Sein Gegenpart, der ihm wohl absichtlich sehr unähnlich gestaltete Johannes, wird von dem russischen Schauspieler Viktor Gaidarow verkörpert, der ein wenig auf den jungen Conrad Veidt kommt, wie er in vielen Filmen jener Zeit zu sehen ist, natürlich auch in „Das Cabinet des Dr. Caligari“. Bei den Frauen hat Murnau ein Händchen für das Drama in Gesichten und Gesten, das fiel mir  zuletzt bei „Schloss Vogelöd“ auf, wo es zu ähnlich leicht übertrieben wirkenden Momenten  kommt wie in „Der brennende Acker“. Ich weiß, wir sind in einer anderen Zeit und der Expressionismus fordert seine Gestaltungselemente. Aber Fritz Lang hat sich da immer etwas mehr zurückgehalten – und die Männer aufspielen lassen. Nun ja, der Modernste war aus heutiger Sicht sowieso Ernst Lubitsch mit seinem beinahe zeitlosen Humor.

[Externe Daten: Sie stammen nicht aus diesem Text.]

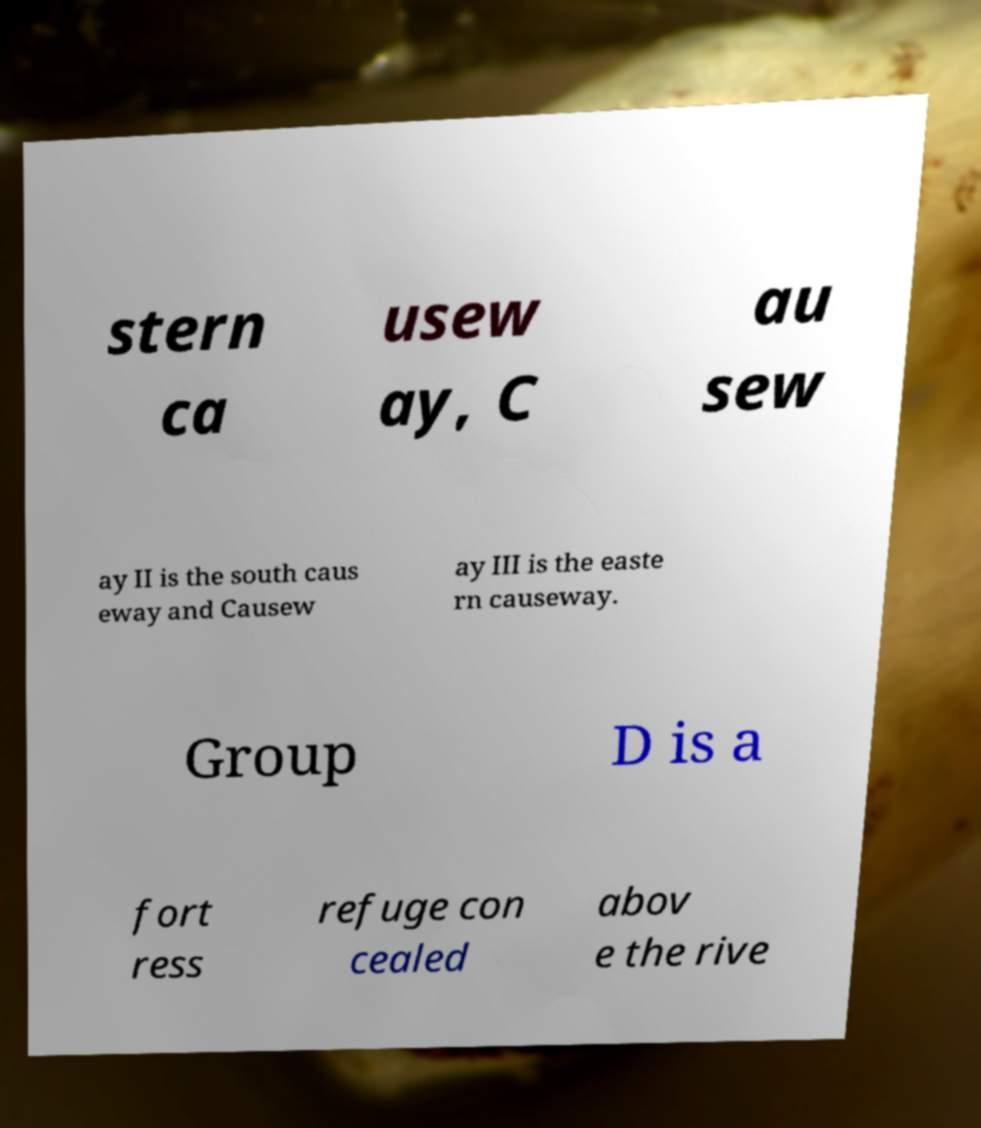Please read and relay the text visible in this image. What does it say? stern ca usew ay, C au sew ay II is the south caus eway and Causew ay III is the easte rn causeway. Group D is a fort ress refuge con cealed abov e the rive

Trotzdem finde ich „Der brennende Acker“ ausgewogener und gleichzeitig wuchtiger als „Schloss Vogelöd“. Ein wenig lag das an der kongenialen Musik, die der Filmversion unterlegt ist, die ich gesehen habe, aber auch die optische Gestaltung und die Handlungsführungen bieten einiges. Die Gegenschnitte bezüglich der beiden Vertragsunterzeichnungen bringen außerdem in den Höhepunkt des Films eine Atemlosigkeit, die für damalige Verhältnisse sehr dynamisch gewirkt haben muss. Heute würde man das so exemplarisch wohl kaum noch machen, aber die Montage war schon vor Eisensteins „Panzerkreuzer Potemkin“ auf dem Weg zu künstlerischer Ausformung, das sieht man in Murnaus Filmen wiederum besser als in den gleichzeitig entstandenen Werken von Fritz Lang, mit einer Wende, kann man sagen, bei „Dr. Mabuse“, der trotz seiner Länge ein sehr wirbelnder und fiebriger, nie langweiliger Film ist. Ihn verbindet mit „Der brennende Acker“ die Thematisierung moderner Investments und der Gier, die alles zerstören kann. Was ihn trennt, ist etwas, was Murnaus eher romantischer Veranlagung auch widersprechen würde: Ein Mastermind, der alles und jeden manipuliert, nicht nur sich selbst.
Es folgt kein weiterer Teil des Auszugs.